What is needed is an exact copy of the data below, pictures excluded.
** Extracted entries follows **
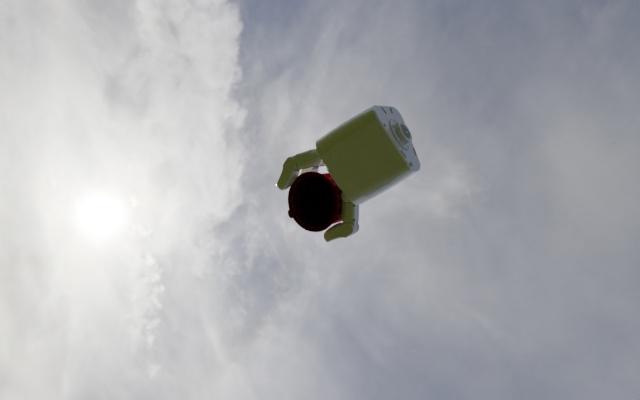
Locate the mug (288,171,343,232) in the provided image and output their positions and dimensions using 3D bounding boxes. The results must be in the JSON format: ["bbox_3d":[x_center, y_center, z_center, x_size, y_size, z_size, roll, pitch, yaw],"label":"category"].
[{"bbox_3d":[-0.001,0.003,0.765,0.117,0.093,0.081,-28,-9,33],"label":"mug"}]
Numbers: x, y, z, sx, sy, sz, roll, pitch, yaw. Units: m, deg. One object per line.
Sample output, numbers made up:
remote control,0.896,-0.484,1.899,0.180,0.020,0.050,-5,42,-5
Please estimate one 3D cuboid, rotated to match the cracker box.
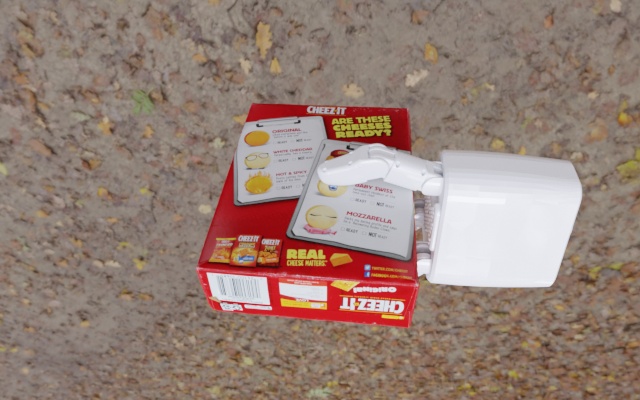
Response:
cracker box,0.000,0.001,0.434,0.164,0.213,0.072,3,-44,4
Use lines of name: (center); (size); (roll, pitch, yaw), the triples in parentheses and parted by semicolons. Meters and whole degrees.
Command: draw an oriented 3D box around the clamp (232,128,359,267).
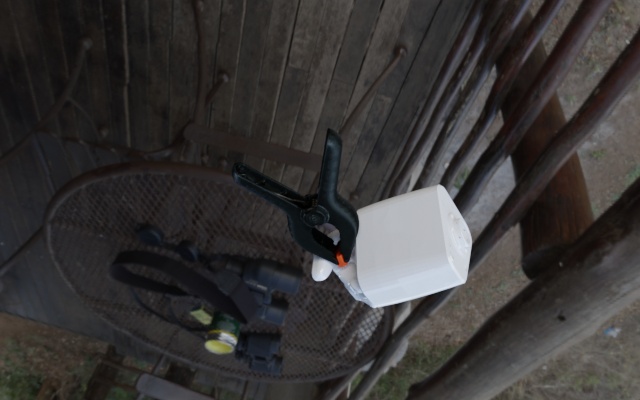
clamp: (0.000, 0.002, 0.513); (0.120, 0.039, 0.171); (-22, -54, 27)
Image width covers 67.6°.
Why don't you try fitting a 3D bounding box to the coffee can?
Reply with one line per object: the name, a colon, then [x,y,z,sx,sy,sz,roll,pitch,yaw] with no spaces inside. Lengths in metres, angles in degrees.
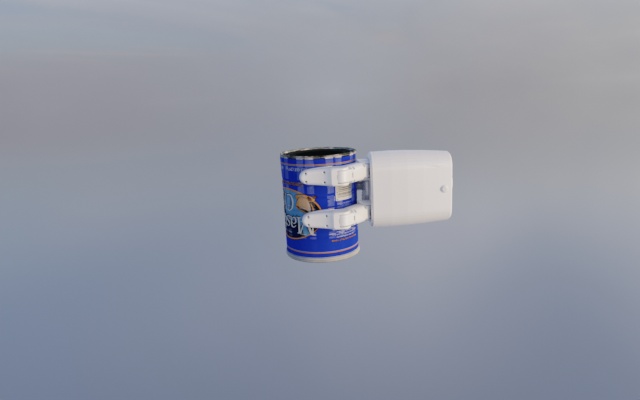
coffee can: [0.000,0.002,0.654,0.103,0.140,0.102,-3,13,1]
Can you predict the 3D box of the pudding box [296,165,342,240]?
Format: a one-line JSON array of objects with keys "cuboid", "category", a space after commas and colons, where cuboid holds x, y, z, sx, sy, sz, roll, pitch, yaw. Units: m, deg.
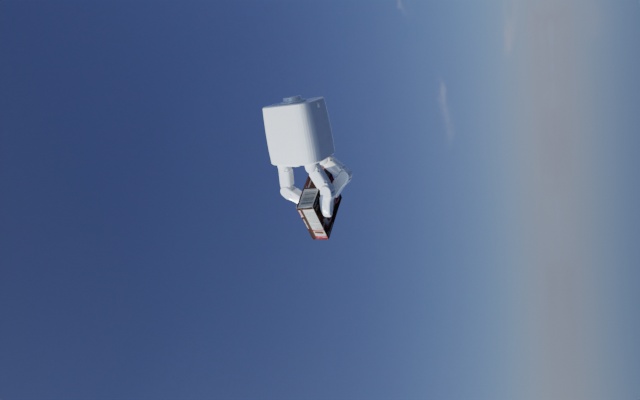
[{"cuboid": [0.000, 0.003, 0.891, 0.039, 0.113, 0.090, -2, -44, 26], "category": "pudding box"}]
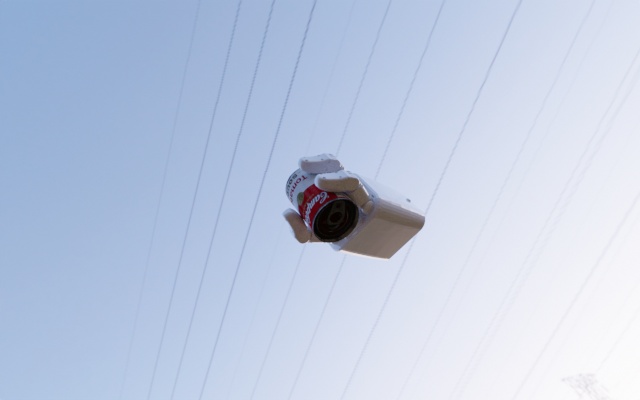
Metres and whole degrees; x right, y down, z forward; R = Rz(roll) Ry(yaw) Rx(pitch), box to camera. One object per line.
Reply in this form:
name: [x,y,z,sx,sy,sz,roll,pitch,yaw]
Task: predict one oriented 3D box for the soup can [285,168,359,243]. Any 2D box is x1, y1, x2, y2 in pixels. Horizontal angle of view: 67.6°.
soup can: [0.000,0.002,0.659,0.068,0.068,0.102,0,30,-29]
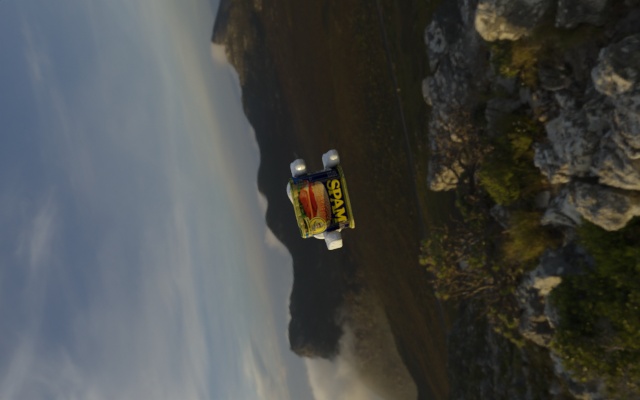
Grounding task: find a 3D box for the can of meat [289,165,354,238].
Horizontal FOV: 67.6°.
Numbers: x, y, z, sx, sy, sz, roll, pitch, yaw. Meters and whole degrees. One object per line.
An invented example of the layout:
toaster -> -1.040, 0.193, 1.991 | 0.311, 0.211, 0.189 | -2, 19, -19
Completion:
can of meat -> 0.000, 0.003, 0.757 | 0.084, 0.102, 0.057 | -14, 12, -6
** End of Extracted entries **
### Output of the task:
Locate the mug (288,171,343,232) in the provided image and output their positions and dimensions using 3D bounding boxes. The results must be in the JSON format: ["bbox_3d":[x_center, y_center, z_center, x_size, y_size, z_size, roll, pitch, yaw],"label":"category"].
[{"bbox_3d":[-0.001,0.003,0.765,0.117,0.093,0.081,-28,-9,33],"label":"mug"}]
Numbers: x, y, z, sx, sy, sz, roll, pitch, yaw. Units: m, deg. One object per line.
Sample output, numbers made up:
remote control,0.896,-0.484,1.899,0.180,0.020,0.050,-5,42,-5
Please estimate one 3D cuboid, rotated to match the cracker box.
Response:
cracker box,0.000,0.001,0.434,0.164,0.213,0.072,3,-44,4
Use lines of name: (center); (size); (roll, pitch, yaw), the triples in parentheses and parted by semicolons. Meters and whole degrees.
Command: draw an oriented 3D box around the clamp (232,128,359,267).
clamp: (0.000, 0.002, 0.513); (0.120, 0.039, 0.171); (-22, -54, 27)
Image width covers 67.6°.
Why don't you try fitting a 3D bounding box to the coffee can?
Reply with one line per object: the name, a colon, then [x,y,z,sx,sy,sz,roll,pitch,yaw] with no spaces inside. Lengths in metres, angles in degrees.
coffee can: [0.000,0.002,0.654,0.103,0.140,0.102,-3,13,1]
Can you predict the 3D box of the pudding box [296,165,342,240]?
Format: a one-line JSON array of objects with keys "cuboid", "category", a space after commas and colons, where cuboid holds x, y, z, sx, sy, sz, roll, pitch, yaw. Units: m, deg.
[{"cuboid": [0.000, 0.003, 0.891, 0.039, 0.113, 0.090, -2, -44, 26], "category": "pudding box"}]
Metres and whole degrees; x right, y down, z forward; R = Rz(roll) Ry(yaw) Rx(pitch), box to camera. One object per line.
Reply in this form:
name: [x,y,z,sx,sy,sz,roll,pitch,yaw]
Task: predict one oriented 3D box for the soup can [285,168,359,243]. Any 2D box is x1, y1, x2, y2 in pixels. Horizontal angle of view: 67.6°.
soup can: [0.000,0.002,0.659,0.068,0.068,0.102,0,30,-29]
Grounding task: find a 3D box for the can of meat [289,165,354,238].
Horizontal FOV: 67.6°.
Numbers: x, y, z, sx, sy, sz, roll, pitch, yaw. Meters and whole degrees. One object per line.
An invented example of the layout:
toaster -> -1.040, 0.193, 1.991 | 0.311, 0.211, 0.189 | -2, 19, -19
Completion:
can of meat -> 0.000, 0.003, 0.757 | 0.084, 0.102, 0.057 | -14, 12, -6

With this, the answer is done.